Senior captain Becker O’Shaughn-essey and his doubles partner, sophomore Grayson Goldin, were staring at a 1-3 deficit against Vanderbilt on a hot Sunday afternoon. The wind that usually blows through the Alabama Tennis Stadium was nonexistent. The crowd was focused on the action on court two, waiting to see if Alabama’s lone senior could rally in his final home match.
Spurred on by the crowd, Becker and Goldin did just that. Winning 6-4 for Alabama’s ninth straight doubles win, Becker was on his way to a solid send off, but he wasn’t able to get the singles win.
“I was really excited to play one last match here and looking forward to it, but also not looking forward to it because it’s going to end,” Becker said. “It didn’t end the way I wanted, both as a team and individually, but we just have to bounce and rebound from that.”
He started playing tennis at 11 years old which, compared to his counterparts, had him behind a couple years experience-wise. Despite that, Becker had plenty going for him when he picked up a racket competitively, including some good genes that played in his favor.
Becker’s father, John, played junior tennis in Georgia until the age of 16. At his peak, he was No. 7 in the state of Georgia. Once he met his wife, Gena, his days of playing tennis competitively were over for the most part. His love for the game never disappeared, however, as he still plays in some adult USTA leagues competitively.
“He basically got me hooked,” Becker said. “He motivated me and really built a drive in me and has always been there for me.”
As Becker grew up in Macon, Georgia, his father’s love for tennis began to rub off on him and intensify. Still, he never really progressed past hitting the tennis ball around for fun.
When he was 11, a tennis professional named Craig Jones moved to Macon. He had a son who was Becker’s age, giving Becker a talented tennis player for a new friend.
“He was very good at the time, and Becker saw that and that was kind of a magnet,” John said. “Becker kind of started to think, ‘Gosh, can I ever be that good?’ and it lit a fire under him. He started getting better and better, and I would play with him, but by the time he was 15, he was beating me.”
Together, Jones and John started to help Becker forge a competitive career. As a high school player, Becker excelled. He was a four-time Georgia Independent School Association individual and team champion and a four-time Telegraph Middle Georgia High School Player of the Year. As a five-star recruit and the No. 1 recruit in Georgia and No. 25 recruit in the country according to TennisRecruiting.net, Becker had plenty of options for school, but Tuscaloosa drew his attention.
“When I first stepped on campus, it was beautiful and the atmosphere here with all of the sports was great,” Becker said. “The coaching staff here is great, and I really fit in well with the team when I visited, so everything just kind of clicked and I knew right away, right after I left, that this was home.”
The O’Shaughnessey family wanted Becker to play tennis at a top school. However, that wasn’t the main thing that went into the final decision. They looked at the tennis team, size, geographic location, academics and campus, but the main goal was to find a school where Becker would feel the most comfortable.

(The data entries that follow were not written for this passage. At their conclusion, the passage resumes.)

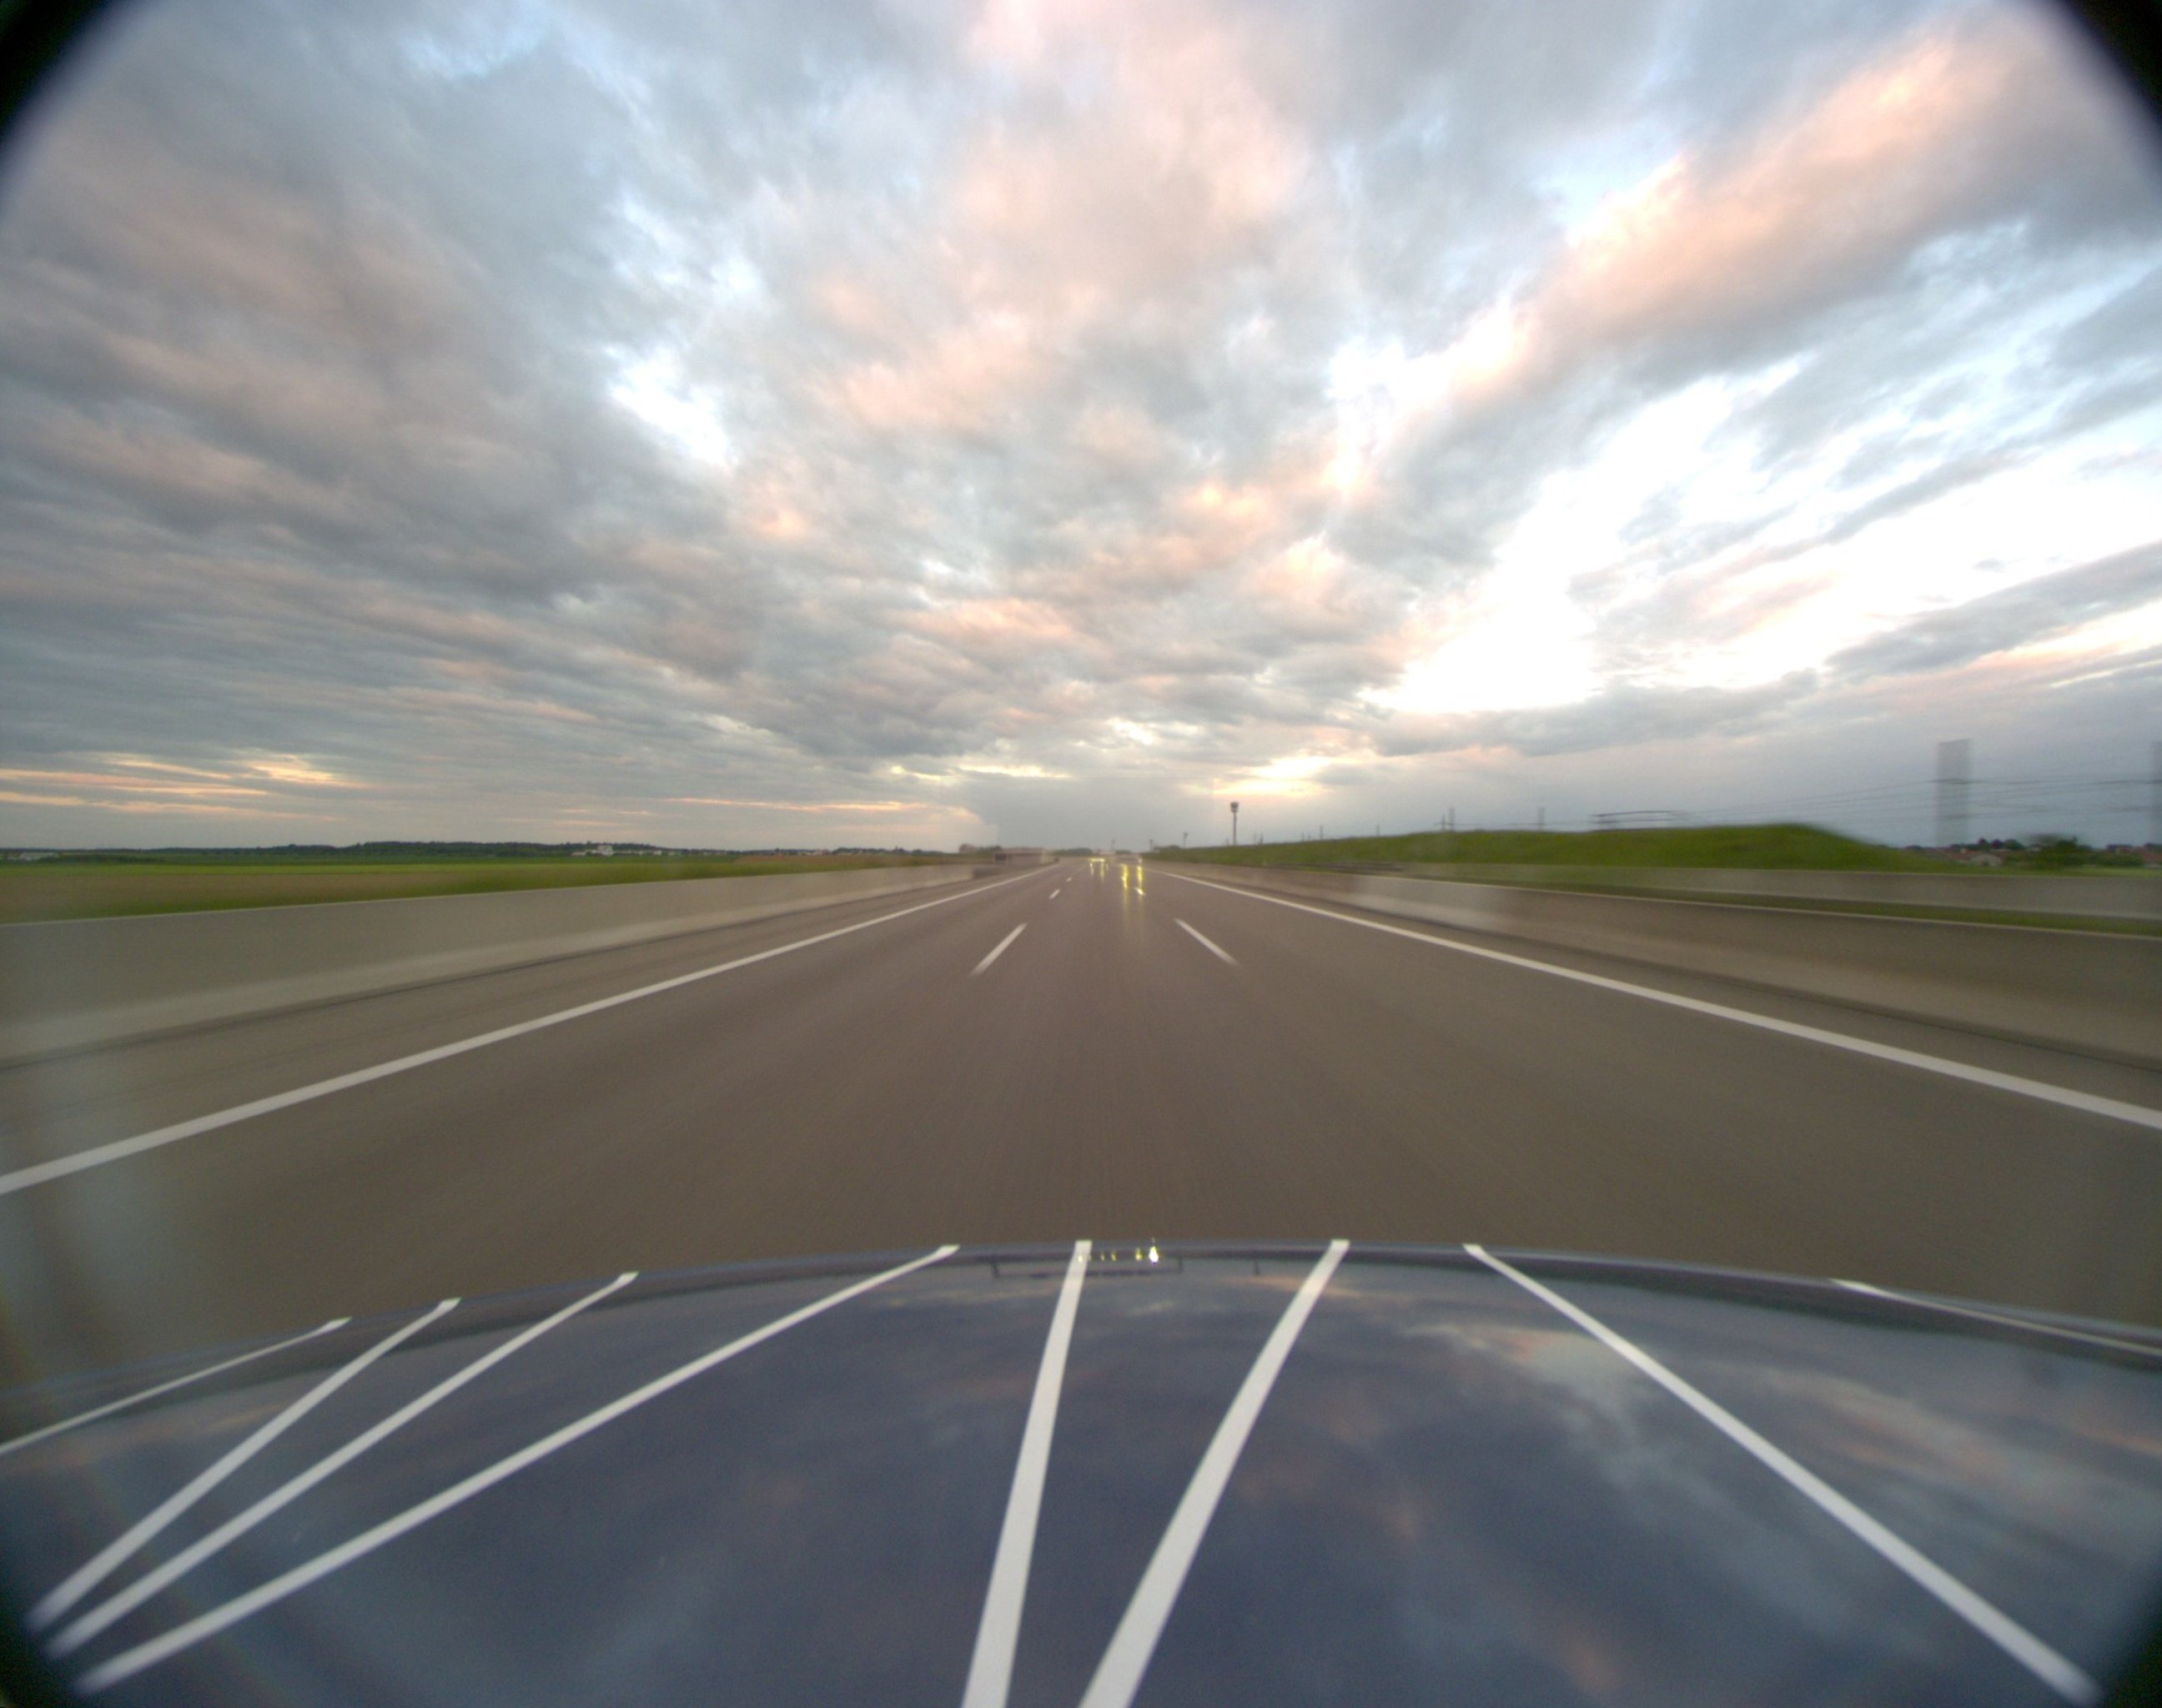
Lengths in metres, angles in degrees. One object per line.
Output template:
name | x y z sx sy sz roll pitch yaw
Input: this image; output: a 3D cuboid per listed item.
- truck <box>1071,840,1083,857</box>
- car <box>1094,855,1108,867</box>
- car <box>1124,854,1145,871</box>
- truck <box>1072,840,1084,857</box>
truck | -0.850 -1.315 184.441 2.596 3.999 5.860 -1 0 1
car | 3.031 1.090 115.674 1.998 1.652 4.851 -3 0 2
car | 5.696 0.907 80.877 1.998 1.652 4.000 -3 0 2
truck | -0.705 -1.331 190.875 2.596 3.999 12.986 -1 0 1

Becker was a freshman during the 2012-13 season, which was also coach George Husack’s first season. He was recruited by Billy Pate, the winningest coach in Alabama program history. Pate left Tuscaloosa to become the coach of the Princeton Tigers. Despite the coaching change, Becker never thought about leaving Alabama.
“He did make his decision based on more of an overall school feeling,” his mother, Gena O’Shaughnessey, said. “We had heard over the summer that there would be a new coach, but his decision was more based off of the school than the coach. There was never any quivering in his commitment.”
He quickly established himself once arriving on campus. He was Second Team All-SEC and part of the SEC All-Freshman Team in his first season. As a sophomore, Becker was Second Team All-SEC, an ITA Doubles All-American, an ITA Scholar-Athlete and part of the SEC Academic Honor Roll. His junior season saw him named an ITA Scholar Athlete a second time, and for his senior season, the team voted him captain.
“He’s not the loudest guy, but he definitely has stepped up big as a leader,” Husack said. “He’s always putting in extra time, always helping out other guys, and always works as hard as he can. He leads by his example, is a fierce competitor, and he sets the bar for the team.”
Becker doesn’t need to be loud. His team believes his actions speak volumes.
“Becker is probably the toughest guy on the team,” junior Hayes Brewer said. “He’s an animal, and we know no matter what, he’s going to last longer than all of us in the weight room and on the court. He’s a good guy that we can rely on no matter what.”
Becker has earned the respect and admiration of his whole team, and it isn’t just in his role as a leader. Brewer has been his roommate for two years and feels that part of what makes him a good leader is that he is a great friend.
“I know that he would have my back no matter what,” Brewer said. “He always has the team’s best interests at heart.”
The future is unclear for Becker. He has played tennis professionally in the last few summers, where he has had some success.
“I always told myself that I’d give myself at least a year to try pro tennis and see how I did,” Becker said. “If things worked out that’d be great. If not, it’d be a good experience and a good excuse to travel the world.”